If I ignored these interdependencies, it could be painful. Suppose I wanted to test whether a model represents its uncertainty at each token position, so I fit a classifier based on the token-level residual stream and attempted to predict whether the model’s final response was correct or incorrect; this hypothetical test presumes that even when a model eventually gives an incorrect response, it would be somewhat aware it may be incorrect. If I followed the above procedures, using every token’s data as an example and performing basic 5-fold cross-validation, the classifier might just learn the 50 responses’ unique intricacies rather than generalizing at all.

One way to make sure classifier accuracy reflects generalization would be to instead use group-k-fold cross-validation. Note, while this is a correct evaluation, it doesn’t influence training, where the model could still learn response-specific patterns. Including more data from the same response could very well lead to a worse classifier. I encountered a scenario like this recently, and because I only needed a quick-and-easy solution, I decided to simply take one data point from each response and discard the rest.

2.3. Categories allow independence to be easily achieved

It’s often pretty straightforward to convert your hierarchical data into largely independent observations when dealing with categorical/binary independent variables:

In a recent paper

2.4. With continuous variables, things are hairier

When working with continuous variables, handling hierarchical structures correctly becomes less obvious. Further, compared to the ubiquity of papers properly dealing with hierarchies in categorical variables (often just implicitly), examples of papers doing so with continuous variables are rarer.

In our paper mentioned above, we performed an analysis where we computed two matrices describing each chain of thought: (i) a matrix describing the causal relationship between sentences based on changes in token logits, and (ii) a matrix describing the causal relationship between sentences based on legible text. A response’s two matrices were the same size, with each matrix containing 1,000-40,000 elements. We hypothesized that the two matrices would be correlated, and we wanted to draw conclusions that aggregate data across our 20 responses.^[7]

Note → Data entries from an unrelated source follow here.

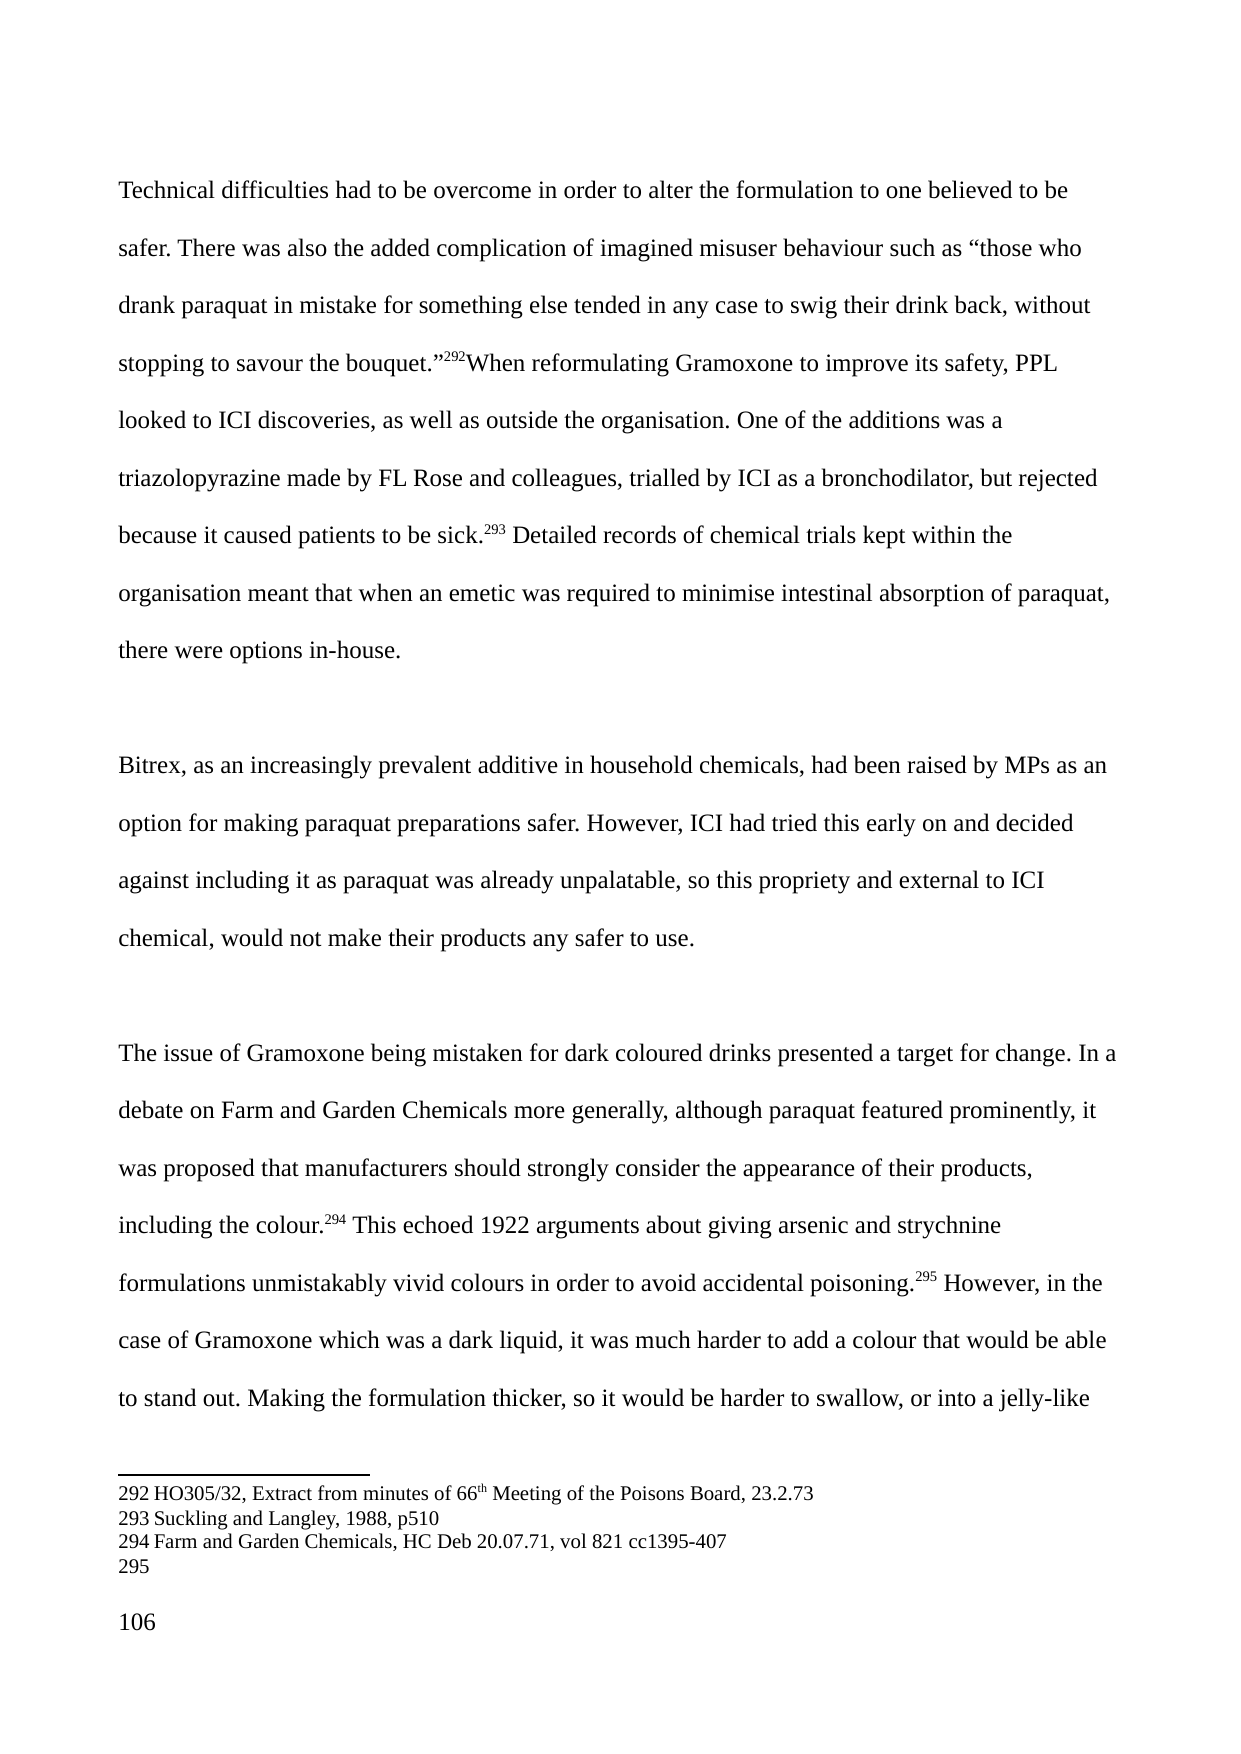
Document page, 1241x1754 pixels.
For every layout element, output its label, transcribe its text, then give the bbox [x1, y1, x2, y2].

text Suckling and Langley, 1988, p510 [118, 1505, 1122, 1529]
text Bitrex, as an increasingly prevalent additive in household chemicals, had been raised by MPs as an option for making paraquat preparations safer. However, ICI had tried this early on and decided against including it as paraquat was already unpalatable, so this propriety and external to ICI chemical, would not make their products any safer to use. [118, 751, 1122, 952]
text HO305/32, Extract from minutes of 66th Meeting of the Poisons Board, 23.2.73 [118, 1481, 1122, 1505]
text Technical difficulties had to be overcome in order to alter the formulation to one believed to be safer. There was also the added complication of imagined misuser behaviour such as “those who drank paraquat in mistake for something else tended in any case to swig their drink back, without stopping to savour the bouquet.”When reformulating Gramoxone to improve its safety, PPL looked to ICI discoveries, as well as outside the organisation. One of the additions was a triazolopyrazine made by FL Rose and colleagues, trialled by ICI as a bronchodilator, but rejected because it caused patients to be sick. Detailed records of chemical trials kept within the organisation meant that when an emetic was required to minimise intestinal absorption of paraquat, there were options in-house. [118, 176, 1122, 664]
text The issue of Gramoxone being mistaken for dark coloured drinks presented a target for change. In a debate on Farm and Garden Chemicals more generally, although paraquat featured prominently, it was proposed that manufacturers should strongly consider the appearance of their products, including the colour. This echoed 1922 arguments about giving arsenic and strychnine formulations unmistakably vivid colours in order to avoid accidental poisoning. However, in the case of Gramoxone which was a dark liquid, it was much harder to add a colour that would be able to stand out. Making the formulation thicker, so it would be harder to swallow, or into a jelly-like [118, 1038, 1122, 1412]
text Farm and Garden Chemicals, HC Deb 20.07.71, vol 821 cc1395-407 [118, 1529, 1122, 1553]

This data is hierarchical. Each response was associated with numerous data points. We could try a naive approach:

Flatten the bottom triangle of each matrix,Concatenate the resulting vectors across all responses,Produce a single dataset containing >100k data points in two columns, one for each measure,Finally, correlate the two columns.

This approach would be inappropriate, and the correlation would generate a microscopic p-value because it treats the data as having >100k independent degrees of freedom, drastically inflating the apparent strength of the statistical significance.

How might this strategy go wrong? Suppose that for 11/20 responses, the two matrices are indeed positively related, whereas for 9/20 responses, the matrices are negatively correlated. In this case, it is clear that finding an overall positive relationship could be spurious, as random chance could’ve easily flipped the scenario to 9 positive and 11 negative responses. However, when the elements are pooled to form a correlation, we treat this akin to having 110k points supporting a positive association while 90k points support a negative one, which would be decisive evidence favoring the positive link.^[8]

We wanted to test the association between each response’s two matrices while respecting the data’s hierarchical properties during aggregation across responses. Hence, we simply computed the element-by-element correlation for each response and reported the average correlation along with the number of responses showing a positive correlation (18/20).^[9]

In general, averaging data to achieve independent observations and performing simple statistical tests is a thoughtful and clear solution.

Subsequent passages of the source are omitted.